------ SUPPLIED DATA ------
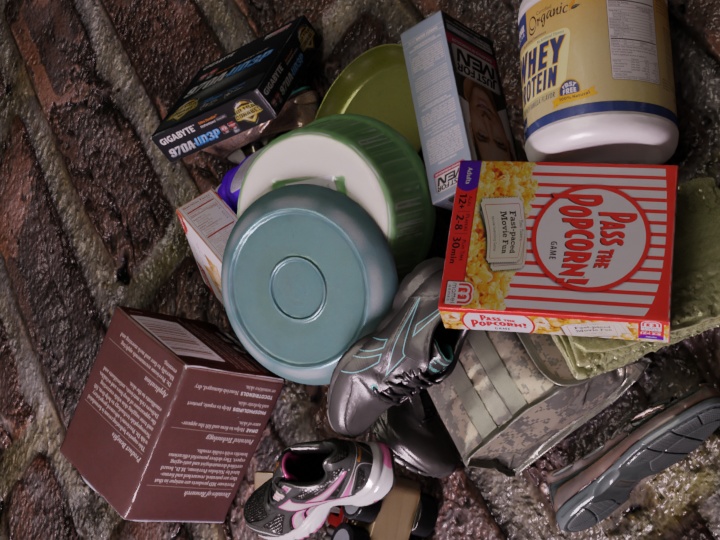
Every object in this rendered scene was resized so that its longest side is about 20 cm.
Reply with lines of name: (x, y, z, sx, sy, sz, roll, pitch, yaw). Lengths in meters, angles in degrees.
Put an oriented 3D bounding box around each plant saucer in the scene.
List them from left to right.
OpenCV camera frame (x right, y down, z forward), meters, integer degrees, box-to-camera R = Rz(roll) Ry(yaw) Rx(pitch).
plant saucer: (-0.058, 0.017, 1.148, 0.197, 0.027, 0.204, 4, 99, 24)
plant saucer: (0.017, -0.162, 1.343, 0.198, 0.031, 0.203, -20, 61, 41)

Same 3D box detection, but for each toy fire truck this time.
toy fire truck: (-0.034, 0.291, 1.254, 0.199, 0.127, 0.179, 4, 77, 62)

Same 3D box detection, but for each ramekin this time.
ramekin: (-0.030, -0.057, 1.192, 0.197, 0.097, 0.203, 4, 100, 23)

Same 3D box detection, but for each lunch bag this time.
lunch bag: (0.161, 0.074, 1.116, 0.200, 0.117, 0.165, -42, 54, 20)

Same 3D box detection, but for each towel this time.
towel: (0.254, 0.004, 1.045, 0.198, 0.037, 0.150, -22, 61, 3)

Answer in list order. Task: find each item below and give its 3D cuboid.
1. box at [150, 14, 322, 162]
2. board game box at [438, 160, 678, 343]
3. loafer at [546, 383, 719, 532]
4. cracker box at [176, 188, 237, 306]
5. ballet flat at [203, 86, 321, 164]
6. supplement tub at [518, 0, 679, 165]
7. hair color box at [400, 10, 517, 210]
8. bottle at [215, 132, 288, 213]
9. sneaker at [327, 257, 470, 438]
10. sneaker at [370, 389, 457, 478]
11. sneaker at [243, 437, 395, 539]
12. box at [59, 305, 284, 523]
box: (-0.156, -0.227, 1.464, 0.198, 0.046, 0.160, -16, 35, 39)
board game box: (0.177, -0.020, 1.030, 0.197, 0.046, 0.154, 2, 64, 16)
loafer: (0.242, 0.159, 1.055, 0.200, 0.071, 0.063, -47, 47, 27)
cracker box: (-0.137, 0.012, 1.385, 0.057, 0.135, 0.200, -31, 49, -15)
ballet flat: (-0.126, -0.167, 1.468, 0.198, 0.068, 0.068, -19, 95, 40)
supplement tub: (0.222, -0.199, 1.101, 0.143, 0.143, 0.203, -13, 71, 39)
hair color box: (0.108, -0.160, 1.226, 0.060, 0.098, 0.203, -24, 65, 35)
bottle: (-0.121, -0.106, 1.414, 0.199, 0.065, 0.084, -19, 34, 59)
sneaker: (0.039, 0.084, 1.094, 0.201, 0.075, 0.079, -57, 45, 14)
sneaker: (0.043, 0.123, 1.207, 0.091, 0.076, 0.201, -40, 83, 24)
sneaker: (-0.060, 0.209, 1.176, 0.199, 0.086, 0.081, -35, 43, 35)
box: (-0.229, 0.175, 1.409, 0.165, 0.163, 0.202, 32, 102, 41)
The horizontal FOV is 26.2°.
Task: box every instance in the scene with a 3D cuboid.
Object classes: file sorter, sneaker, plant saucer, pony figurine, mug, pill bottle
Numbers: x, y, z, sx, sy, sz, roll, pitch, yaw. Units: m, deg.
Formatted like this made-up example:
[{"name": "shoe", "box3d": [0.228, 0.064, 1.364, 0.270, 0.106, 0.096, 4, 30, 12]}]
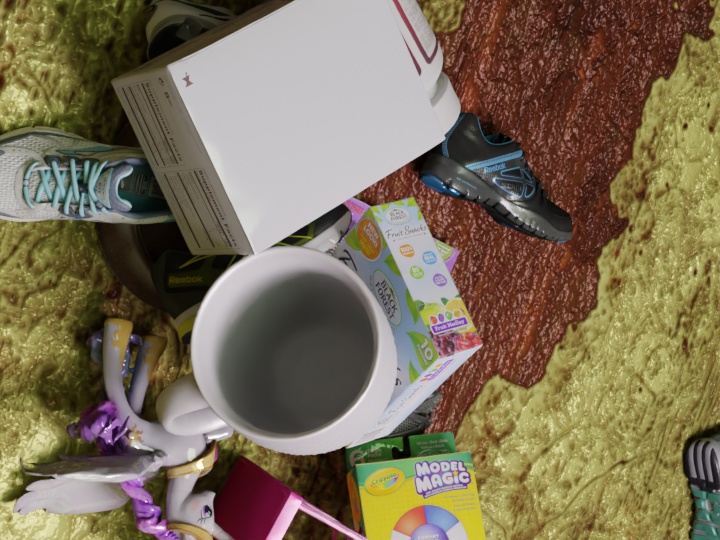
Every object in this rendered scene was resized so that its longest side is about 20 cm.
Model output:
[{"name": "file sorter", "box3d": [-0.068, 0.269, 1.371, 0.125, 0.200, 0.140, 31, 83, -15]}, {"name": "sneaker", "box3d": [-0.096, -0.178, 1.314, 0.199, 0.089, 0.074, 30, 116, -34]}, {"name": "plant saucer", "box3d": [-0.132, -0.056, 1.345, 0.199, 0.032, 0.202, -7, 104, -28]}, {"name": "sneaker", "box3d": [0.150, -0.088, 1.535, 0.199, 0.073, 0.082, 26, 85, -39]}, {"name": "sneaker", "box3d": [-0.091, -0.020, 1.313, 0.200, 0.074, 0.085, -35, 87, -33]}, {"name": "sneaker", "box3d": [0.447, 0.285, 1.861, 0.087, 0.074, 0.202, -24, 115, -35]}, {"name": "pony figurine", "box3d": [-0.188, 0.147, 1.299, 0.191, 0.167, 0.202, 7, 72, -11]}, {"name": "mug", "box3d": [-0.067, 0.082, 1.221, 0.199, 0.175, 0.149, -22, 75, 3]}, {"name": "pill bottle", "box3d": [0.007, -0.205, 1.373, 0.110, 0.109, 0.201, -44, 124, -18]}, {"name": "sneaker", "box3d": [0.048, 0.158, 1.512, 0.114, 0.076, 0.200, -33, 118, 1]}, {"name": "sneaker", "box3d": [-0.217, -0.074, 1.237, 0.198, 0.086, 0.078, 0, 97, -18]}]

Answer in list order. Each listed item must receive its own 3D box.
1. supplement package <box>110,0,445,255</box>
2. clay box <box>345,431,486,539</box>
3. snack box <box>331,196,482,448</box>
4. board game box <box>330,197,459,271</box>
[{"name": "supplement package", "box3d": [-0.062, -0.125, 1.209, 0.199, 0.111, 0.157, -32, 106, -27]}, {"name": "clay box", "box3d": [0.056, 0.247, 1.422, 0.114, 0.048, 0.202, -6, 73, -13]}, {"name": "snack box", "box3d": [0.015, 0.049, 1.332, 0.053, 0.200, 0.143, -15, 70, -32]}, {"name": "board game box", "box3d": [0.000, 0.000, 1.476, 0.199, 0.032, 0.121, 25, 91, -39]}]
------
------ SUPPLIED DATA ------
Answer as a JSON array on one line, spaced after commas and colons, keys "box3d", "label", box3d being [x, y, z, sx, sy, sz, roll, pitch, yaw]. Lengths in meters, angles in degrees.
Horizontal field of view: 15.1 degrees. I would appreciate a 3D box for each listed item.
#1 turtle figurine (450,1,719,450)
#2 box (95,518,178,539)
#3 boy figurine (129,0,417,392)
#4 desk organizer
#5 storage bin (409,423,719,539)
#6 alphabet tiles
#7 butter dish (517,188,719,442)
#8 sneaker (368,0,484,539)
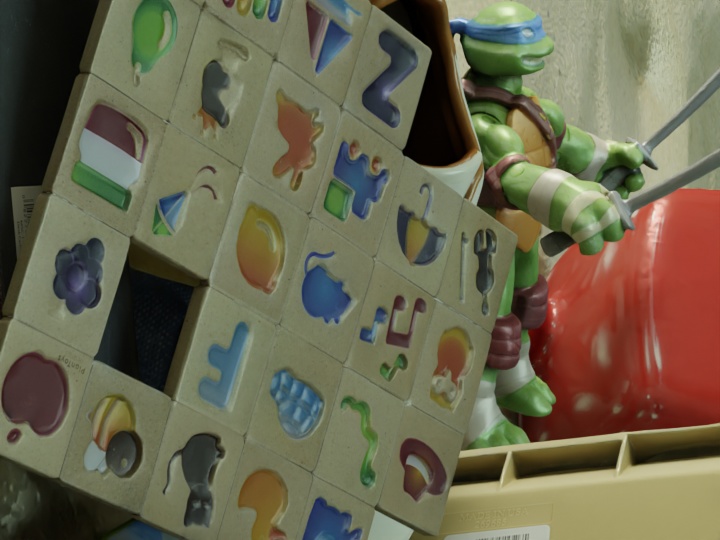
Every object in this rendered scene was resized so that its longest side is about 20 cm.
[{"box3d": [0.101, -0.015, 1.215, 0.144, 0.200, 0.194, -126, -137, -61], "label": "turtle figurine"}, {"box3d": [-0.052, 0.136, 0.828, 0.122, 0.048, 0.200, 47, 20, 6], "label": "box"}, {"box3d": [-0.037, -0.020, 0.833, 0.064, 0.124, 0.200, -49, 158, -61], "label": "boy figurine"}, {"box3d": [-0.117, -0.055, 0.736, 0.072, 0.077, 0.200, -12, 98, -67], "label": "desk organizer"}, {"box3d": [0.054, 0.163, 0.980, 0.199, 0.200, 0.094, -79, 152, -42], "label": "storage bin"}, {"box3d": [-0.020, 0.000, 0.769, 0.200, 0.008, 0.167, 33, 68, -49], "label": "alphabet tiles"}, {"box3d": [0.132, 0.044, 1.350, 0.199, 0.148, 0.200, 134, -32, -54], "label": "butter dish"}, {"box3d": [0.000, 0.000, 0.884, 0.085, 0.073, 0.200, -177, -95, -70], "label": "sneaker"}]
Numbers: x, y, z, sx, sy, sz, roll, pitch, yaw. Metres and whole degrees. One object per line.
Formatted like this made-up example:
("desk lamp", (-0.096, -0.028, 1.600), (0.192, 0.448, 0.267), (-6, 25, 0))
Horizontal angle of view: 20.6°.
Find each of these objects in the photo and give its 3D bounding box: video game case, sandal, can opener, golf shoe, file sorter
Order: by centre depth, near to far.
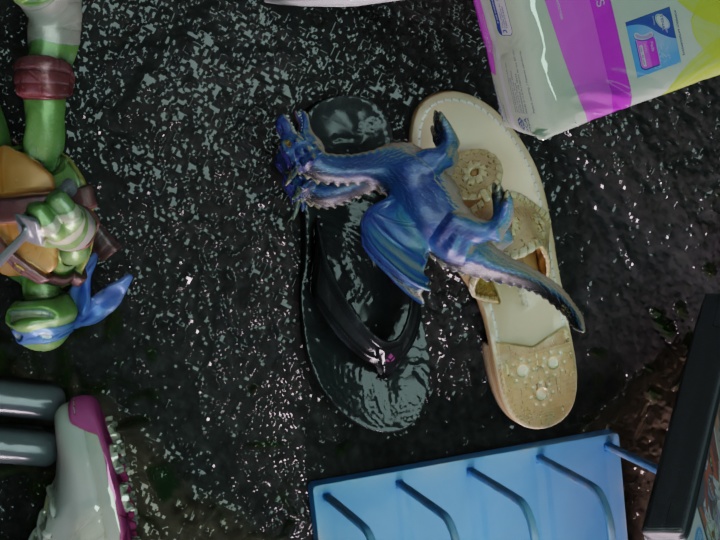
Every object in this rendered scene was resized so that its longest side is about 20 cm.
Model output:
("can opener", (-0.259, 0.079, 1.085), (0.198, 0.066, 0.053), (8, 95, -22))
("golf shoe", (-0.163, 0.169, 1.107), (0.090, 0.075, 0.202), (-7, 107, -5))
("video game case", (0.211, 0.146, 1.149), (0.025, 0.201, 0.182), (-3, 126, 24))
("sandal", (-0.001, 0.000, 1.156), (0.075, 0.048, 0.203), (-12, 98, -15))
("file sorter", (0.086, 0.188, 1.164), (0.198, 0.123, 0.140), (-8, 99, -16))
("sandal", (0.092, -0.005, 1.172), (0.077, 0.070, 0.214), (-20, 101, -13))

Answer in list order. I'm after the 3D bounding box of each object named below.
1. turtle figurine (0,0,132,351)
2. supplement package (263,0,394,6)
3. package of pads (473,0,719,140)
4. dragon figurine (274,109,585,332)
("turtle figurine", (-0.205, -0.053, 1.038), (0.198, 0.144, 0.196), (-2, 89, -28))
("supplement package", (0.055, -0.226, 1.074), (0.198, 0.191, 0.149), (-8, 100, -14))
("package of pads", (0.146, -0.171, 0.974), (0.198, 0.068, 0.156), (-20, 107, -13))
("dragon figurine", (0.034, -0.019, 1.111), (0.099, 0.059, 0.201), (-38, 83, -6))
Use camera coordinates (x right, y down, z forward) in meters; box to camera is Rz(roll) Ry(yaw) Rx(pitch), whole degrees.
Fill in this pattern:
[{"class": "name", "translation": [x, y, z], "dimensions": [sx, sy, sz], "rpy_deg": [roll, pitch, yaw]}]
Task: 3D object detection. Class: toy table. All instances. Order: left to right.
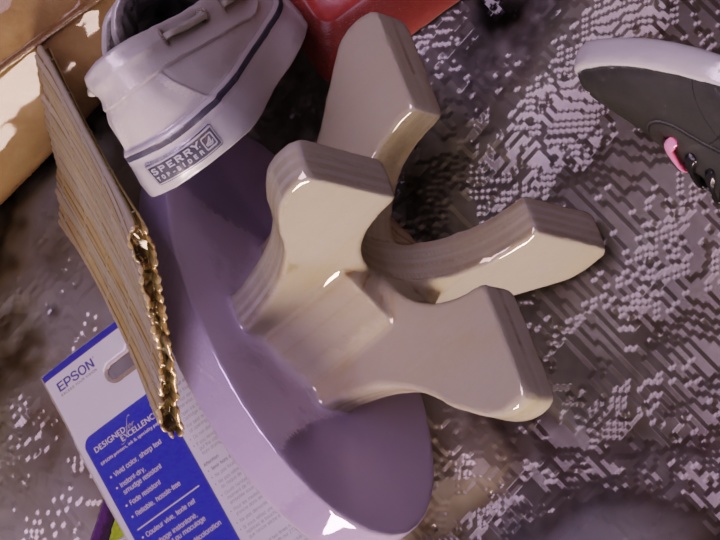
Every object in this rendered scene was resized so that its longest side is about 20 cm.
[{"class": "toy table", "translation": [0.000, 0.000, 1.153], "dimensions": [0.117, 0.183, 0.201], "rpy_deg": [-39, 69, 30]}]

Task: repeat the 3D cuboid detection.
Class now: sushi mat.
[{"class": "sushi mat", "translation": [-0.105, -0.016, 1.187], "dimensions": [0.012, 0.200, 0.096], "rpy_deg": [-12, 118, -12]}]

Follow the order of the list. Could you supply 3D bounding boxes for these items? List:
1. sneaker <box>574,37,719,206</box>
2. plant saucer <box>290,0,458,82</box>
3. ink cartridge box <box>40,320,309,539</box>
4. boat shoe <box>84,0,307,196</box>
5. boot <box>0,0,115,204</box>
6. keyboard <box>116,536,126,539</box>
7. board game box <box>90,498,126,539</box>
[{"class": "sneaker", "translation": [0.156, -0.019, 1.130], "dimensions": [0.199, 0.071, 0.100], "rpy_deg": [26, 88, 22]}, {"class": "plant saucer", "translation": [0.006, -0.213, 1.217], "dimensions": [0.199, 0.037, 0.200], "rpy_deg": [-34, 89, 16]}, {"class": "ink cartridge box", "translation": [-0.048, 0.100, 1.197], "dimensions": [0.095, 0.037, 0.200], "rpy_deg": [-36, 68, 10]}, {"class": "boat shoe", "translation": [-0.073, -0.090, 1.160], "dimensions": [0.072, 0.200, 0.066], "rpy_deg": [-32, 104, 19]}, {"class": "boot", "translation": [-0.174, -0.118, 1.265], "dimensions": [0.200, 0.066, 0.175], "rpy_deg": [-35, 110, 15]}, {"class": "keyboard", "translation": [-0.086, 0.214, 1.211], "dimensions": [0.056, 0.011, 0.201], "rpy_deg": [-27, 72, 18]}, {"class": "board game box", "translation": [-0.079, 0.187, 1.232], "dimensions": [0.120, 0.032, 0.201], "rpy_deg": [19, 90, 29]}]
------
------ SUPPLIED DATA ------
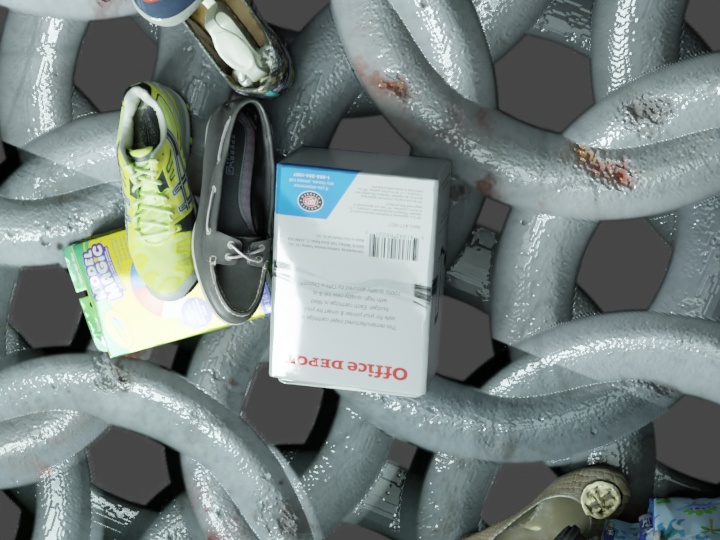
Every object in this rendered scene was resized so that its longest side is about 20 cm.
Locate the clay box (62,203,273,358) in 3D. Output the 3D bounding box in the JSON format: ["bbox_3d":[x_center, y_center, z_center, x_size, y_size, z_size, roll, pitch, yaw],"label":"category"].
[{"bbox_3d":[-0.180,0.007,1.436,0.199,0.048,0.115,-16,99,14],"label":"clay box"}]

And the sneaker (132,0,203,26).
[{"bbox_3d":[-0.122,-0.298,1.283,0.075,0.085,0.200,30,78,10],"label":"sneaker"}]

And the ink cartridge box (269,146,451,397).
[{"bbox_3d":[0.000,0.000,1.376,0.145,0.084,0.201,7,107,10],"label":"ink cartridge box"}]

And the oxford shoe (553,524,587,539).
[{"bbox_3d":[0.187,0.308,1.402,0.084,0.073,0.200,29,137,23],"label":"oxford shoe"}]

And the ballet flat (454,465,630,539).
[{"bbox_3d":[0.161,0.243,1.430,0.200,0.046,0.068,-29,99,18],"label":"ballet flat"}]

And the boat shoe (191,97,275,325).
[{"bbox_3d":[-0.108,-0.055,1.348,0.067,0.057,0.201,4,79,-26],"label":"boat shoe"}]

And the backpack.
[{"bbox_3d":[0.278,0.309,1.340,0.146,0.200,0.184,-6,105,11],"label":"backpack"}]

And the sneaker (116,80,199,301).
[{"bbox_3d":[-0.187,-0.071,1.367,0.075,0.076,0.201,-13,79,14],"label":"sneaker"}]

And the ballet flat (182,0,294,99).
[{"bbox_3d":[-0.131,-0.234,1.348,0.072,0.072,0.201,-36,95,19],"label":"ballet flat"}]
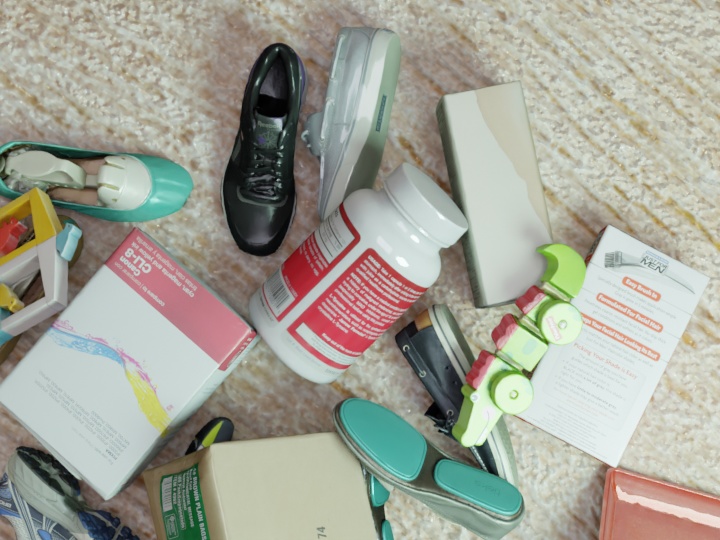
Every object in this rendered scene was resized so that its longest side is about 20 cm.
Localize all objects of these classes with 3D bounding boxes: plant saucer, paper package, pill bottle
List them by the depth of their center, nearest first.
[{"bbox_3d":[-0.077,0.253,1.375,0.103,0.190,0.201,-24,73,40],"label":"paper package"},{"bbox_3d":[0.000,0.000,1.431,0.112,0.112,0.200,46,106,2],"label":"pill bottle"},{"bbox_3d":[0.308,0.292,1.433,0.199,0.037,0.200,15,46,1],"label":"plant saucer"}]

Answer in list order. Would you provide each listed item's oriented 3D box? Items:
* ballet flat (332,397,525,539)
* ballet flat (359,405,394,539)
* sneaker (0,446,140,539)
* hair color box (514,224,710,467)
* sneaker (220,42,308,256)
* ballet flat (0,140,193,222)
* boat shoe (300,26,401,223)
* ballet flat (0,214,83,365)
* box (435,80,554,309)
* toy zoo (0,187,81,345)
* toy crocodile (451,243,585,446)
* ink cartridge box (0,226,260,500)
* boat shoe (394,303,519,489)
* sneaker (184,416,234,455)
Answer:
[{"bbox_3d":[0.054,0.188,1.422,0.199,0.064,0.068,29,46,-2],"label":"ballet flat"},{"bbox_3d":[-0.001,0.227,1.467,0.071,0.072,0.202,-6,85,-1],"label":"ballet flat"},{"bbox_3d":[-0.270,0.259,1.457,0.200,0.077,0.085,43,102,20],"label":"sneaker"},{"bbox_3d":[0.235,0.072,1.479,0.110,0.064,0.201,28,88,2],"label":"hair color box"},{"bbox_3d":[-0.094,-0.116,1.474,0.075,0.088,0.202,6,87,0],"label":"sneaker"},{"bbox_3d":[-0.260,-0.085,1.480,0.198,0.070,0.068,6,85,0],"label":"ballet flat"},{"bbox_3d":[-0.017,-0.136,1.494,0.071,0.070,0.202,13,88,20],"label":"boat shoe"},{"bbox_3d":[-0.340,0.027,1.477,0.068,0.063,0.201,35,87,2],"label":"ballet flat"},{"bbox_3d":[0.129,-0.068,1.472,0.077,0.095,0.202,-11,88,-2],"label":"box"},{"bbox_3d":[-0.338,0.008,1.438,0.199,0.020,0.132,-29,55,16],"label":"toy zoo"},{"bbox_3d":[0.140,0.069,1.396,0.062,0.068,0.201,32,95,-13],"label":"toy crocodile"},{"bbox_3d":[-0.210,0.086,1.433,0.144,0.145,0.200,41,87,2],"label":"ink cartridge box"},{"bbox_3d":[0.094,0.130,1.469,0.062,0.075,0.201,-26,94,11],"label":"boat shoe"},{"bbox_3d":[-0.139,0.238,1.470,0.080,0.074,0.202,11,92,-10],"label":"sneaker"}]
------
### [WORK TO BE COMPLETED]
I'd like the lines above from the one with "Horizontal field of" up to and including the one with "#8 sneaker (368,0,484,539)" copied exactly, with no other lines.

### [RESULT OF THIS EXERCISE]
Horizontal field of view: 15.1 degrees. I would appreciate a 3D box for each listed item.
#1 turtle figurine (450,1,719,450)
#2 box (95,518,178,539)
#3 boy figurine (129,0,417,392)
#4 desk organizer
#5 storage bin (409,423,719,539)
#6 alphabet tiles
#7 butter dish (517,188,719,442)
#8 sneaker (368,0,484,539)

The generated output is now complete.